Programming holy Grail

I am a practising programmer for last 10 years, I have been studying a lot of programming questions and varieties for my personal and professional growth, I stumbled upon this book which has changed the narrative and outlook of my learning, This is the most concise book anyone can buy to start coding it has all the necessary steps to break the ice and get into hands on development, it has live written examples which you can code it would display necessary result and also the book progresses from easy to hard coding problems. This book also helps in developing intuitiveness, the book also have max coverage in Python which helps young programmers to work and learn

L**U

Educating

This is a great book every developer/programmer should have. It provides so much knowledge and I totally recommend.

J**Z

Well structured, informative, with room to improve

Well structured, very informative and it is easy to follow.
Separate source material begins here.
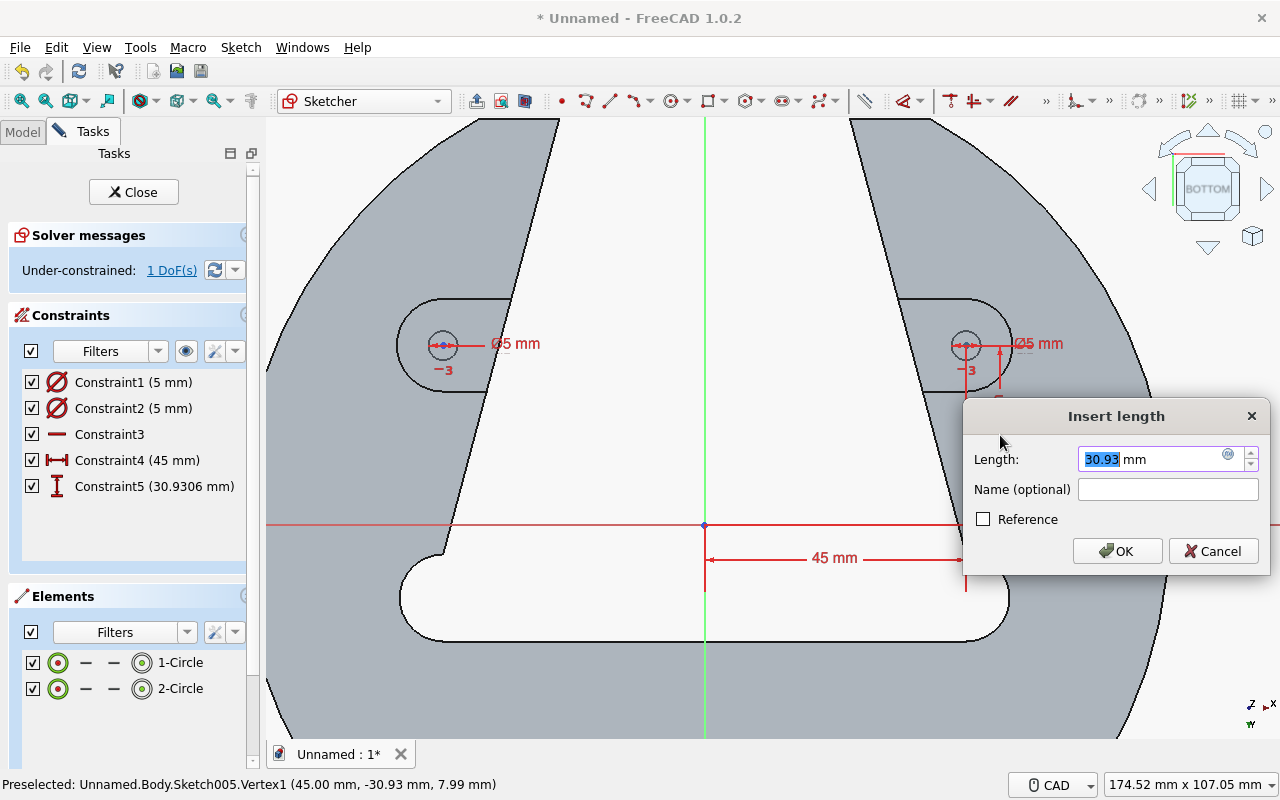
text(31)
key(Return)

I bought the book to learn and incorporate algorithms, the author starts with ordering and searching, then dive into ML. While that is my ultimate objective, I wanted to get a little bit more familiar with "lesser" algorithms first, to better understand the ML's, but it's ok, ML is very exciting, and the author does a good job introducing it the sooner he can.There room for improvement for future editions though, as there are several errors in the books, especially in the chapter 6 and 7, where the author (or the corrector) either invert terms or acronyms (like in the explanation of TPR, which goes to TRP back a forth confusion the explanation (page 208)), or the notation, like when defining the dimension of a matrix (b files and n features, then you have a matrix n x b, it is actually b x n (page 191). in linear algebra, order matters), or figures without caption (Figure 7.2 Add a caption here...). The code is clear, also with several mistakes in some cases, but these can be corrected as you get the code in GitHUb. Some others are more due to Python versions (like deprecated words i.e. affinity vs metric) or old .csv paths, no longer valid. Some conclusions get also mismatched, like "we increase the decision boundary to get better precision and can expect more recall, and we lower the decision boundary to get better recall and can expect less precision".I haven't finished the book yet, and for sure will find more omissions, but don't get the wrong conclusion, the book is quite good, and you can learn a lot from the way the author structures the flow from how an algorithm works, how to implement it and what application it is useful for.

R**T

Truly essential knowledge

This is the second book describing algorithms every programmer should know. I use this book to teach new programmers new languages: They must implement the algorithms in each new language they want to learn.

A**A

Great Book for Beginners into Algorthms

I've gone through the big and found it is great for those who are beginners in algorithms. It will explain in detail about the o(n) complexity and the difference of the implementation in different algorithms. I've always had problems understanding the o(n) complexity, but this has helped my mind to better understand the meaning and start to figure out which algorithms make sense in which situations.The best part of the book is that it uses python to teach the algorithms which is a very familiar language to most programmers, even those working with NLP.

L**A

The perfect data science book

This book is perfect for anyone wanting to learn about algorithms and machine learning without the math stress. Complex math is made easy to understand, thanks to the author’s clear explanations. Even if you’re not great at math, you’ll get it! Helpful Python examples are spread throughout the book to help make tricky ideas clear for both beginners and experienced readers. The book's friendly style makes learning fun and takes away the math worry. It’s definitely one of my top picks of data science or AI books.

H**T

I Love this Book!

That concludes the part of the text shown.